If you want to apply this style to all graphs in a notebook, instead of using the matplotlib.pyplot.style.use(style) method, call matplotlib.pyplot.xkcd() at the beginning of the notebook.

You may also create your own styles and use them for your graphs. Check the article by Robert Ritz on how to do this.

Increasing the Distinguishability of Lines

Unfortunately, the default palettes have a low number of pre-defined colors. For instance, the seaborn-colorblind style defines only six colors. Therefore, if you have more than six different variables to plot on the same graph, you will get some of them using the same color. For instance, you can see in Figure 8 that Lines A and G have the same color. At the same time, in research, it is typical when you have to combine an even higher number of experiment results on the same plot. Fortunately, matplotlib provides some facilities to increase the distinguishability of lines: you can achieve this either using different markers or with different line styles. The former approach is useful when you have several sparse points, and the line joins them. The latter approach is convenient when the number of dots is very high, or they are close to each other. Anyway, the handier method for both approaches is to define a custom cycler that iterates either over different markers or line styles. Additionally, the colors of lines and markers could be another mechanism to distinguish lines.

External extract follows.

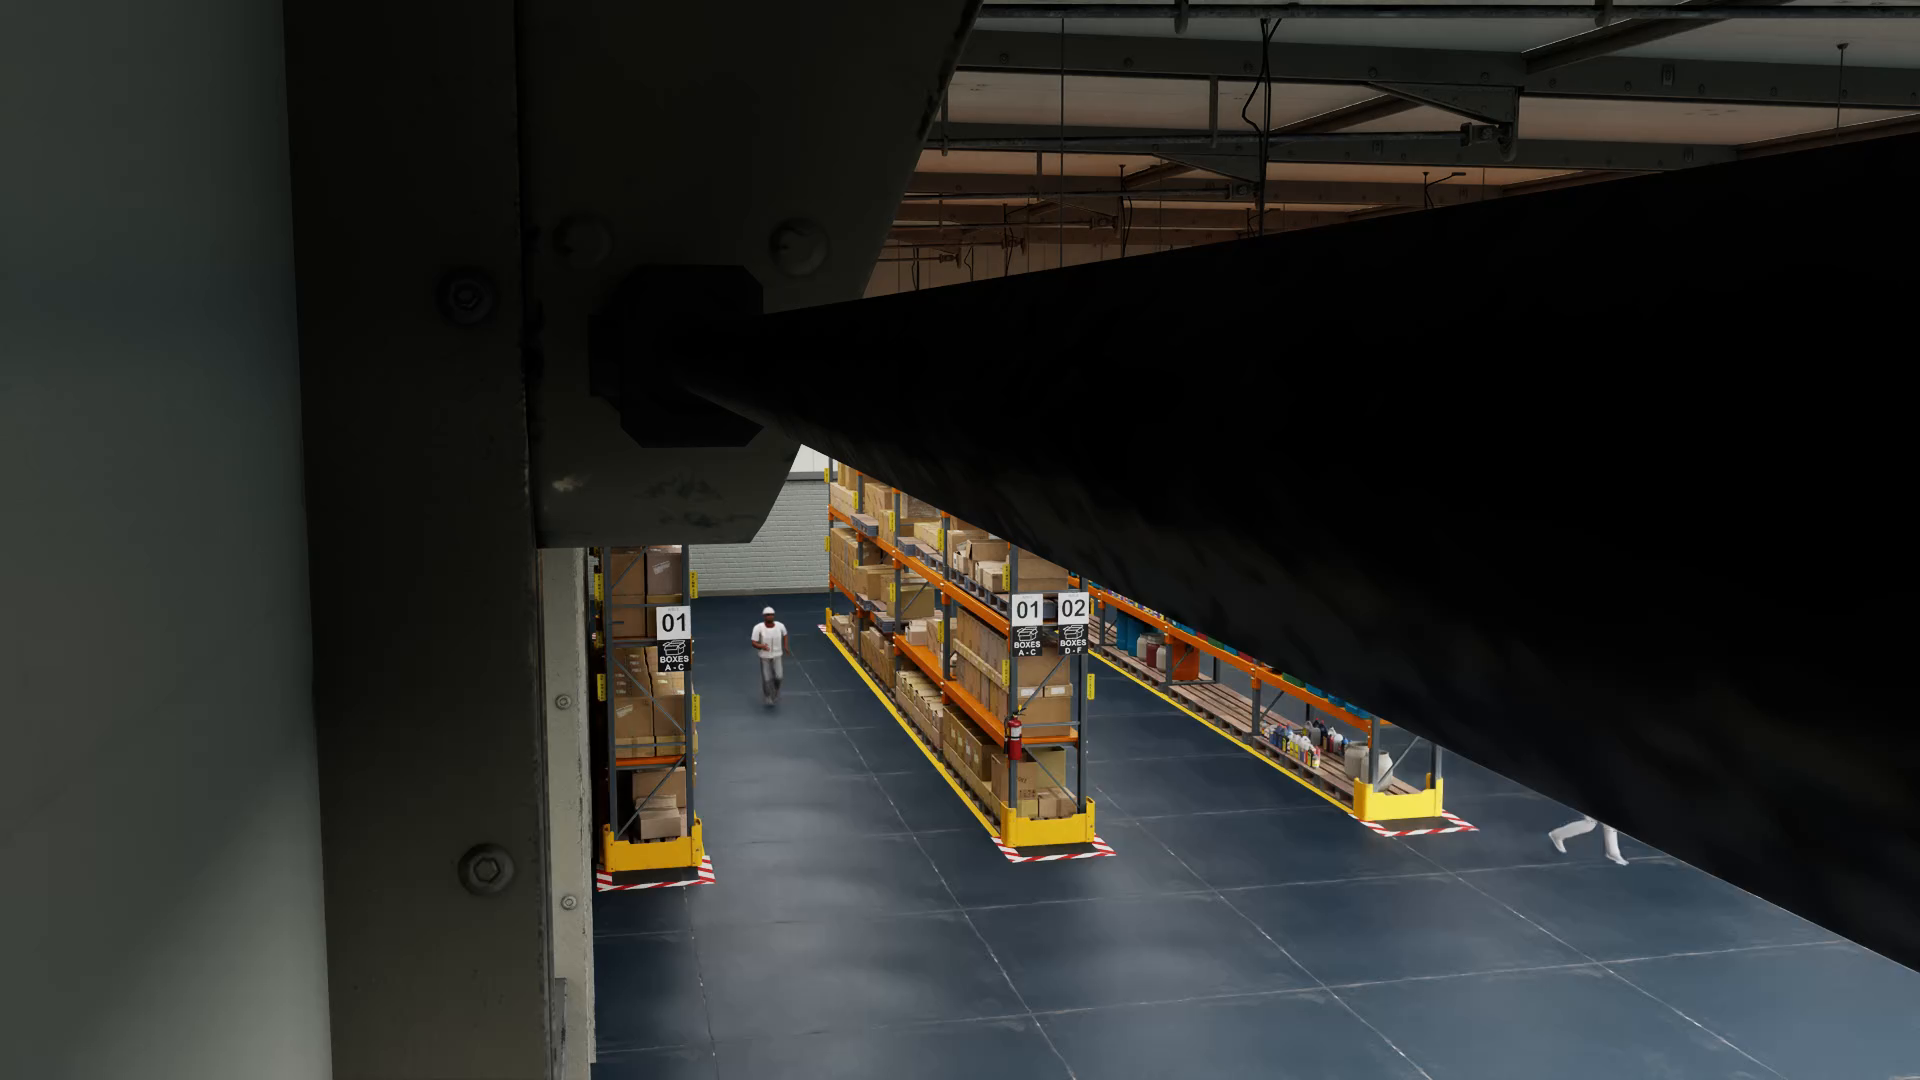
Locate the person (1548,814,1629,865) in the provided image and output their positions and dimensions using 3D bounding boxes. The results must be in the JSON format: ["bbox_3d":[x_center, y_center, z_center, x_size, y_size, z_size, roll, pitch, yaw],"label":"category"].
[{"bbox_3d":[7.700,3.157,20.319,0.963,1.630,0.600,1,7,4],"label":"person"}]

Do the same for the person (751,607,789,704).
[{"bbox_3d":[-3.286,2.026,28.957,0.684,1.725,0.626,-2,7,-16],"label":"person"}]

A custom Cycler object, used to change line styles in graphs, is defined with a helper factory method called cycler defined in the cycler module. For instance, the following code imports this function and defines a custom cycler with different markers:

from cycler import cycler
custom_marker_cycler = (cycler(marker=['o', 'x', 's', 'P']))

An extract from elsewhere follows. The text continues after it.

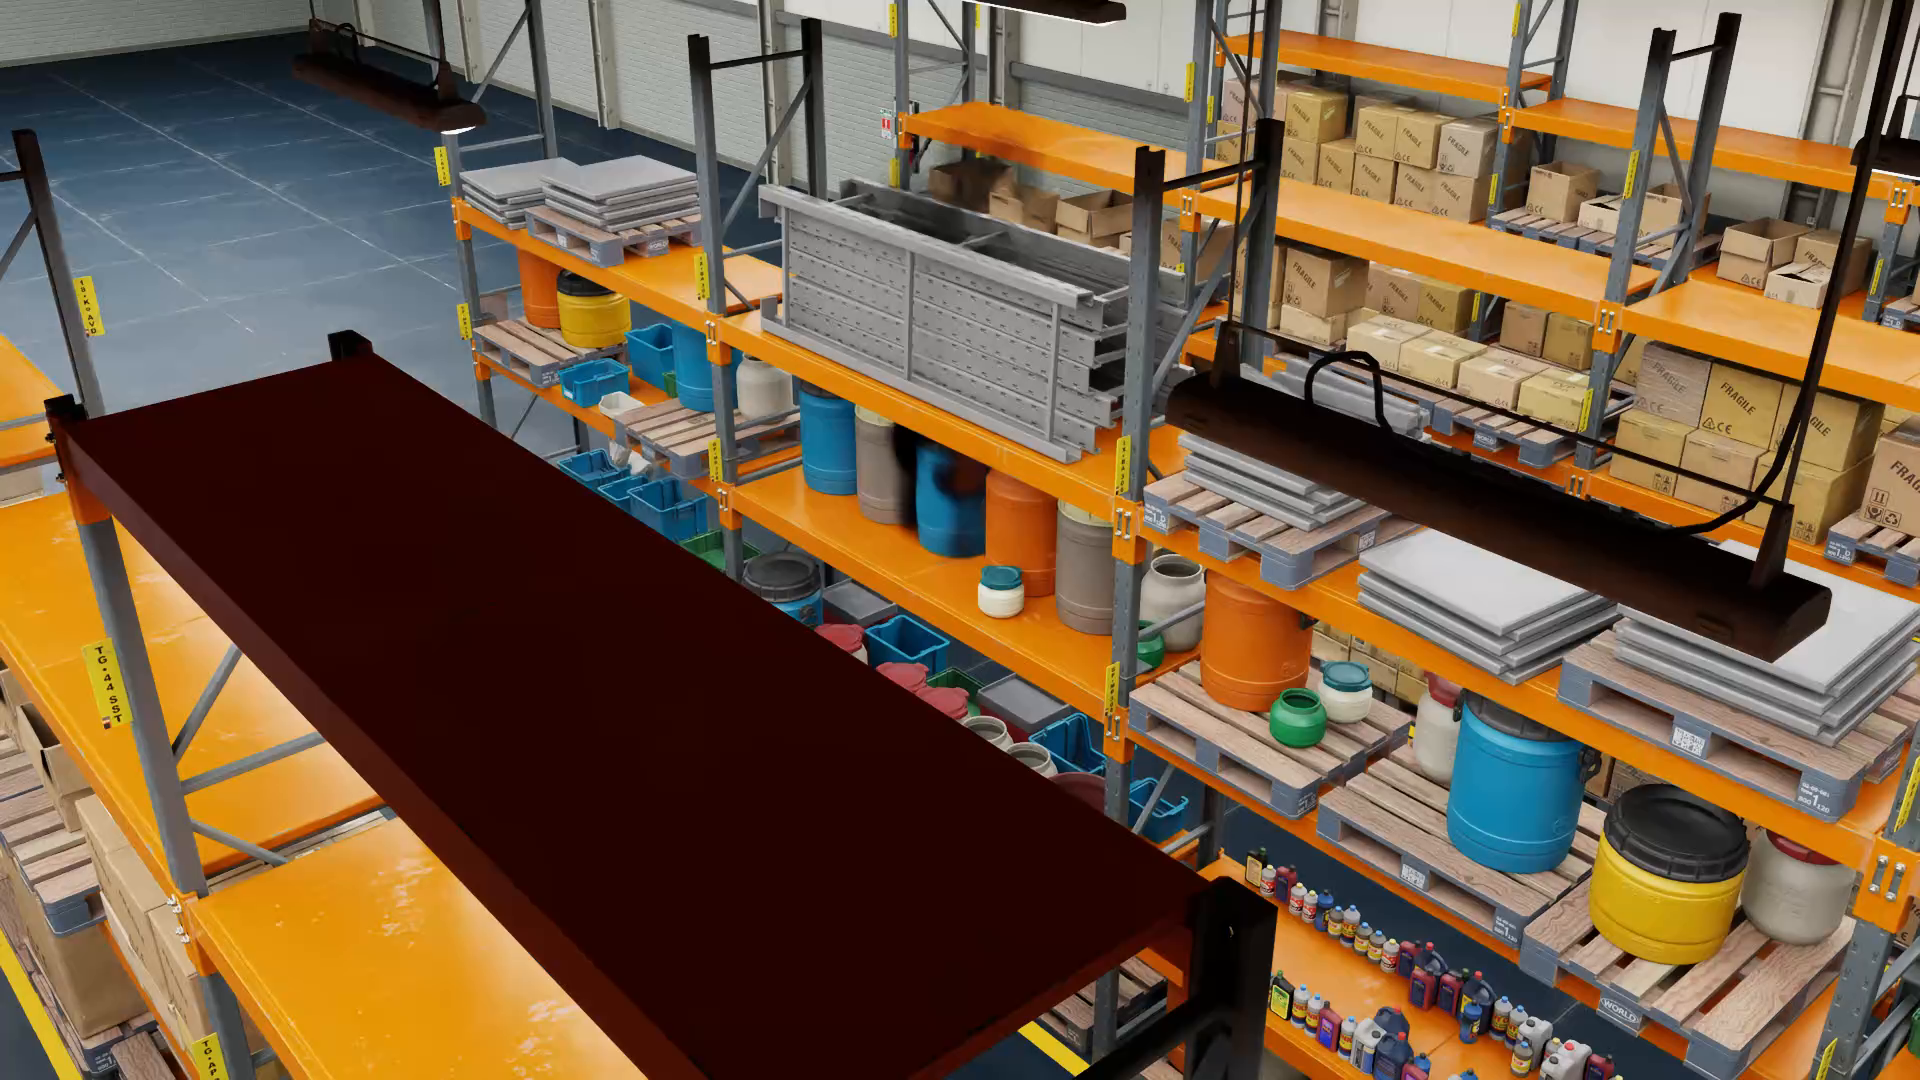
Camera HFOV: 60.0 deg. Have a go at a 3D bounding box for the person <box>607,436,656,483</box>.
[{"bbox_3d":[-3.352,-0.723,17.036,0.837,1.816,0.690,13,30,24],"label":"person"}]

Once a custom cycler is defined, you can start employing it in your graphs using the matplotlib.axes.Axes.set_prop_cycle(...) method of the Axes object (Figure 10 in the accompanying paper shows the result):

fig, ax = plt.subplots()

ax.set_prop_cycle(custom_marker_cycler) # setting the cycler for the current figure 

for indx, column_name in enumerate(['A', 'B', 'C', 'D', 'E', 'F', 'G']):
    ax.plot(ts_df['Date'], ts_df[column_name], label=column_name)
ax.tick_params(axis='x', labelrotation = 90)
ax.set(xlabel='Date', ylabel='Value')
ax.legend(loc='center right', ncol=4)

fig.savefig(
    os.path.join(OUT_PATHS['figs_dir'], '10.pdf'),
    bbox_inches='tight',
)

Similarly, it is possible to define a cycler that rotates different line styles (see Figure 11 in the accompanying paper):

custom_ls_cycler = (cycler(ls=['-', '--', ':', '-.']))

fig, ax = plt.subplots()

ax.set_prop_cycle(custom_ls_cycler) # setting the cycler for the current figure 

for indx, column_name in enumerate(['A', 'B', 'C', 'D', 'E', 'F', 'G']):axum
    ax.plot(ts_df['Date'], ts_df[column_name], label=column_name)
ax.tick_params(axis='x', labelrotation = 90)
ax.set(xlabel='Date', ylabel='Value')
ax.legend(loc='center right', ncol=4)

fig.savefig(
    os.path.join(OUT_PATHS['figs_dir'], '11.pdf'),
    bbox_inches='tight',
)

Instead of drawing plots each time, you can check what styles the cycler defines with the following code:

for c in custom_marker_cycler:
    print(c)

If you run this code, you should get the following output:

{'marker': 'o'}
{'marker': 'x'}
{'marker': 's'}
{'marker': 'P'}

Each line of the output describes a separate style. Thus, our custom_marker_cycler rotates over four different marker styles, i.e., the first line will have o markers, the second – x markers, the fourth – P markers, and the fifth will start with o markers again.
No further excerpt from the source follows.